# Best On-line design tool?



## EmbroidMeCat (May 2, 2010)

Greeting and Happy New Year -

What is the current state of the art as far as on-line design tools goes.

Any recommendations for a good tool to incorporate into our web site?

Would like:

1. The ability for my customers to upload artwork, and
2. Pre-packaged templates and clip art

I don't know how the designers of these tools handle product selection (blanks).

I'm looking forward to hearing ideas and suggestions.

Dan


----------



## picturekid (Jun 28, 2015)

Well I was just like you a few month back but I finally went with design-n-buy because of where I am located, I really wanted ink soft but they do not support outside the US. My website is currently under construction but if you like I could inbox you a link to test mines.

T-Shirt Design Software | Online T Shirt Designer tool | Magento based Tshirt Ecommerce Software | Design'N'Buy


----------



## jfisk3475 (Jan 28, 2011)

picturekid said:


> Well I was just like you a few month back but I finally went with design-n-buy because of where I am located, I really wanted ink soft but they do not support outside the US. My website is currently under construction but if you like I could inbox you a link to test mines.
> 
> T-Shirt Design Software | Online T Shirt Designer tool | Magento based Tshirt Ecommerce Software | Design'N'Buy


I tried making contact with them. If they run their business like they return calls they won't last. Twice they said they would call back in 2 to 3 minutes. Well 2 hrs later no call. 

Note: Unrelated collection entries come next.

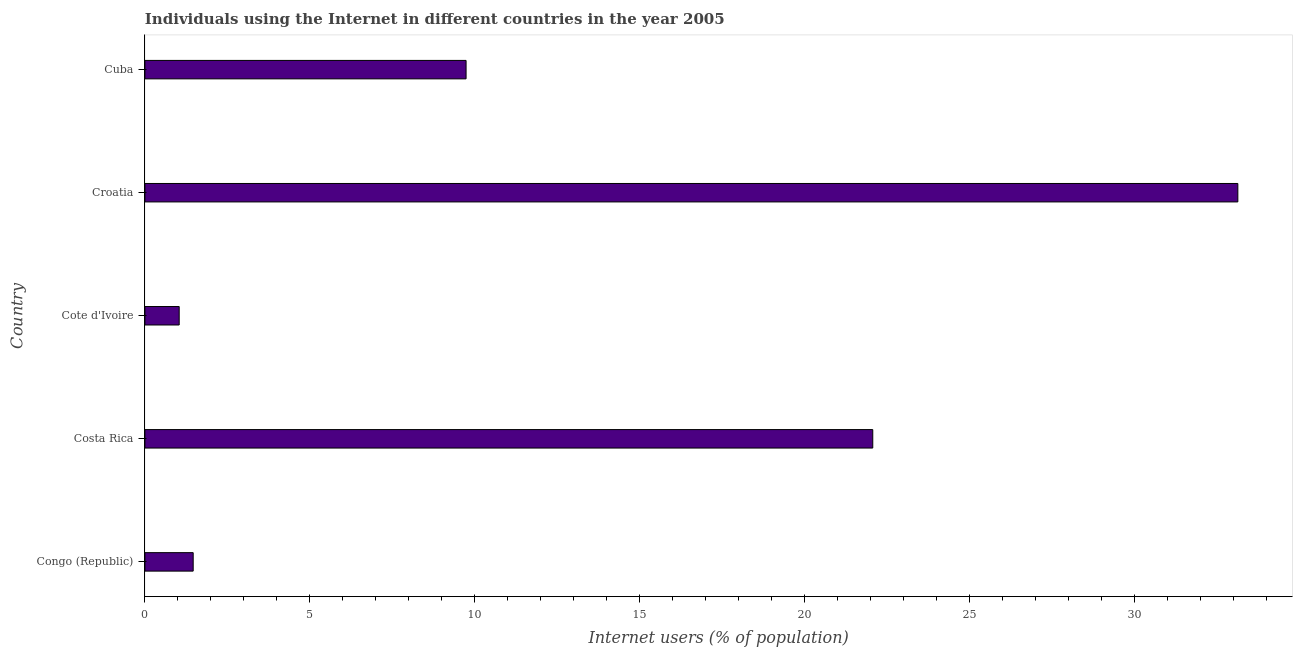Does the graph contain any zero values?
Your answer should be compact. No. Does the graph contain grids?
Offer a terse response. No. What is the title of the graph?
Offer a very short reply. Individuals using the Internet in different countries in the year 2005. What is the label or title of the X-axis?
Keep it short and to the point. Internet users (% of population). What is the number of internet users in Cuba?
Provide a short and direct response. 9.74. Across all countries, what is the maximum number of internet users?
Your answer should be compact. 33.14. Across all countries, what is the minimum number of internet users?
Offer a terse response. 1.04. In which country was the number of internet users maximum?
Provide a short and direct response. Croatia. In which country was the number of internet users minimum?
Provide a short and direct response. Cote d'Ivoire. What is the sum of the number of internet users?
Give a very brief answer. 67.45. What is the difference between the number of internet users in Costa Rica and Croatia?
Your response must be concise. -11.07. What is the average number of internet users per country?
Keep it short and to the point. 13.49. What is the median number of internet users?
Keep it short and to the point. 9.74. In how many countries, is the number of internet users greater than 1 %?
Provide a succinct answer. 5. What is the ratio of the number of internet users in Costa Rica to that in Cuba?
Provide a short and direct response. 2.27. Is the number of internet users in Congo (Republic) less than that in Costa Rica?
Your answer should be very brief. Yes. What is the difference between the highest and the second highest number of internet users?
Offer a very short reply. 11.07. Is the sum of the number of internet users in Congo (Republic) and Cuba greater than the maximum number of internet users across all countries?
Your answer should be very brief. No. What is the difference between the highest and the lowest number of internet users?
Give a very brief answer. 32.1. How many bars are there?
Provide a short and direct response. 5. Are all the bars in the graph horizontal?
Your answer should be compact. Yes. What is the difference between two consecutive major ticks on the X-axis?
Your answer should be very brief. 5. Are the values on the major ticks of X-axis written in scientific E-notation?
Provide a short and direct response. No. What is the Internet users (% of population) of Congo (Republic)?
Ensure brevity in your answer.  1.46. What is the Internet users (% of population) of Costa Rica?
Make the answer very short. 22.07. What is the Internet users (% of population) of Cote d'Ivoire?
Your response must be concise. 1.04. What is the Internet users (% of population) in Croatia?
Give a very brief answer. 33.14. What is the Internet users (% of population) in Cuba?
Offer a terse response. 9.74. What is the difference between the Internet users (% of population) in Congo (Republic) and Costa Rica?
Keep it short and to the point. -20.61. What is the difference between the Internet users (% of population) in Congo (Republic) and Cote d'Ivoire?
Your answer should be compact. 0.42. What is the difference between the Internet users (% of population) in Congo (Republic) and Croatia?
Ensure brevity in your answer.  -31.68. What is the difference between the Internet users (% of population) in Congo (Republic) and Cuba?
Offer a very short reply. -8.27. What is the difference between the Internet users (% of population) in Costa Rica and Cote d'Ivoire?
Your answer should be very brief. 21.03. What is the difference between the Internet users (% of population) in Costa Rica and Croatia?
Provide a succinct answer. -11.07. What is the difference between the Internet users (% of population) in Costa Rica and Cuba?
Your answer should be compact. 12.33. What is the difference between the Internet users (% of population) in Cote d'Ivoire and Croatia?
Provide a short and direct response. -32.1. What is the difference between the Internet users (% of population) in Cote d'Ivoire and Cuba?
Provide a succinct answer. -8.7. What is the difference between the Internet users (% of population) in Croatia and Cuba?
Ensure brevity in your answer.  23.4. What is the ratio of the Internet users (% of population) in Congo (Republic) to that in Costa Rica?
Offer a terse response. 0.07. What is the ratio of the Internet users (% of population) in Congo (Republic) to that in Cote d'Ivoire?
Offer a terse response. 1.41. What is the ratio of the Internet users (% of population) in Congo (Republic) to that in Croatia?
Offer a very short reply. 0.04. What is the ratio of the Internet users (% of population) in Costa Rica to that in Cote d'Ivoire?
Give a very brief answer. 21.24. What is the ratio of the Internet users (% of population) in Costa Rica to that in Croatia?
Keep it short and to the point. 0.67. What is the ratio of the Internet users (% of population) in Costa Rica to that in Cuba?
Provide a succinct answer. 2.27. What is the ratio of the Internet users (% of population) in Cote d'Ivoire to that in Croatia?
Keep it short and to the point. 0.03. What is the ratio of the Internet users (% of population) in Cote d'Ivoire to that in Cuba?
Your response must be concise. 0.11. What is the ratio of the Internet users (% of population) in Croatia to that in Cuba?
Ensure brevity in your answer.  3.4. 
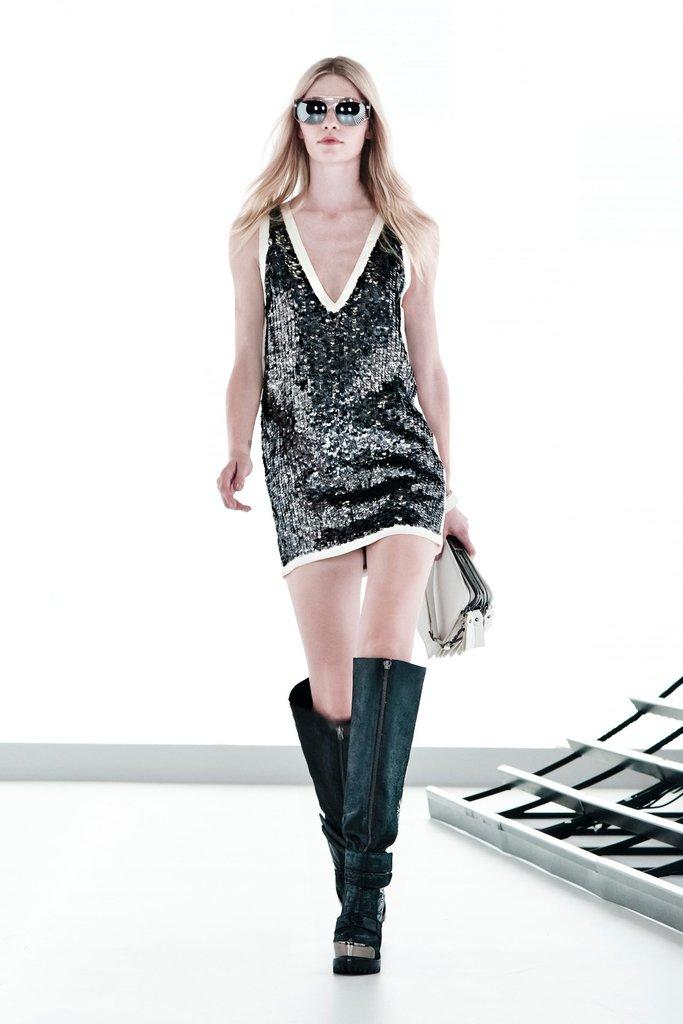What can be seen in the image? There is a person in the image. What is the person wearing? The person is wearing a white and black color dress. What accessory is the person wearing? The person is wearing goggles. What object is the person holding? The person is holding a wallet. What color is the wall in the background of the image? The wall in the background of the image is white. What type of business does the farmer run in the image? There is no farmer or business present in the image; it features a person wearing goggles and holding a wallet. How many boats are visible in the image? There are no boats present in the image. 
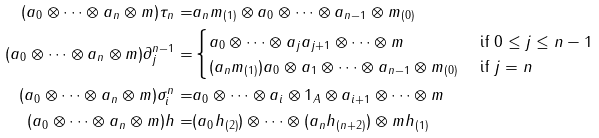<formula> <loc_0><loc_0><loc_500><loc_500>( a _ { 0 } \otimes \cdots \otimes a _ { n } \otimes m ) \tau _ { n } = & a _ { n } m _ { ( 1 ) } \otimes a _ { 0 } \otimes \cdots \otimes a _ { n - 1 } \otimes m _ { ( 0 ) } \\ ( a _ { 0 } \otimes \cdots \otimes a _ { n } \otimes m ) \partial ^ { n - 1 } _ { j } = & \begin{cases} a _ { 0 } \otimes \cdots \otimes a _ { j } a _ { j + 1 } \otimes \cdots \otimes m & \text { if } 0 \leq j \leq n - 1 \\ ( a _ { n } m _ { ( 1 ) } ) a _ { 0 } \otimes a _ { 1 } \otimes \cdots \otimes a _ { n - 1 } \otimes m _ { ( 0 ) } & \text { if } j = n \end{cases} \\ ( a _ { 0 } \otimes \cdots \otimes a _ { n } \otimes m ) \sigma ^ { n } _ { i } = & a _ { 0 } \otimes \cdots \otimes a _ { i } \otimes 1 _ { A } \otimes a _ { i + 1 } \otimes \cdots \otimes m \\ ( a _ { 0 } \otimes \cdots \otimes a _ { n } \otimes m ) h = & ( a _ { 0 } h _ { ( 2 ) } ) \otimes \cdots \otimes ( a _ { n } h _ { ( n + 2 ) } ) \otimes m h _ { ( 1 ) }</formula>

Sent from my SM-G900T using T-Shirt Forums


----------



## gnizitigid (Jan 23, 2007)

Which CMS you use, if WP, than t-shirt designer plugin is there


----------



## picturekid (Jun 28, 2015)

customer service was not a hundred percent I must say but the plugin seems to do 90% of what I needed which was a plus.


----------



## jfisk3475 (Jan 28, 2011)

Idk. Think I am going with open shirt.

Sent from my SM-G900T using T-Shirt Forums


----------



## AE7HF (Nov 29, 2015)

I went with Inksoft Pro. I would post my site so you can see, but I don't want to get slapped for self promotion.


----------



## andrewdennish (Dec 16, 2015)

Google Fonts - If you're looking for quality typography for your next design, check out Google Fonts. This directory of web fonts makes it easy for users to add a font to their website in seconds or download it to their computer to use later.


----------



## Rankin Textile (Feb 17, 2016)

We use Inksoft and have no complaints. There customer service is very good also. You can check out our design lab.


----------



## emagic13 (Feb 19, 2016)

How did you find open shirt? Looks like a good deal, but can't decide how good an option it is.


----------